Results: During the 6-month study period, lactating women had 1-3% BMD loss in all regions compared with 1-3% gain in nonlactating women. Higher maternal BMI was associated with less bone loss in femoral neck and hip regions. Black American women had less BMD loss than White/Caucasian or Hispanic lactating women in spine and hip regions. Exclusively breastfeeding women in the 6400 IU vitamin D group had less femoral neck BMD loss than the 400 IU group at 4 months sustained to 7 months. Physical activity was associated with higher hip BMD.

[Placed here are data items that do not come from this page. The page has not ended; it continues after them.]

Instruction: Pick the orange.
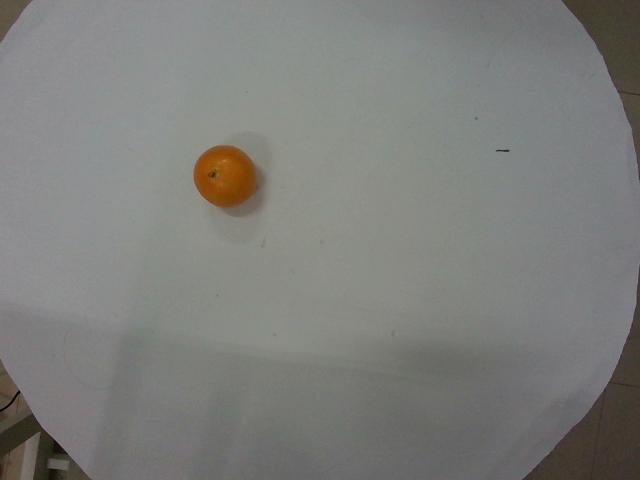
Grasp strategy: vertical
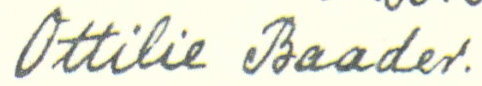
Signature of: ottilie baader
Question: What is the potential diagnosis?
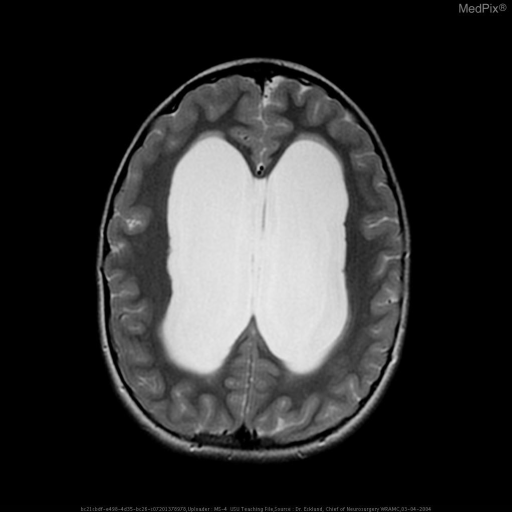
Answer: The possible diagnosis includes Obstructive hydrocephalus resulting from stenosis at the aqueduct of Sylvius.  Although the stenosis may be congenital the images suggest a low grade neoplasm of the tectal plate..
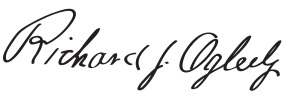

Conclusion: While there was BMD loss during lactation to 7 months, the loss rate was less than previously reported, with notable racial/ethnic variation. Breastfeeding was associated with loss in BMD compared with formula-feeding women who gained BMD. Higher BMI and physical activity independently appeared to protect hip BMD, whereas higher vitamin D supplementation appeared protective against femoral neck BMD loss.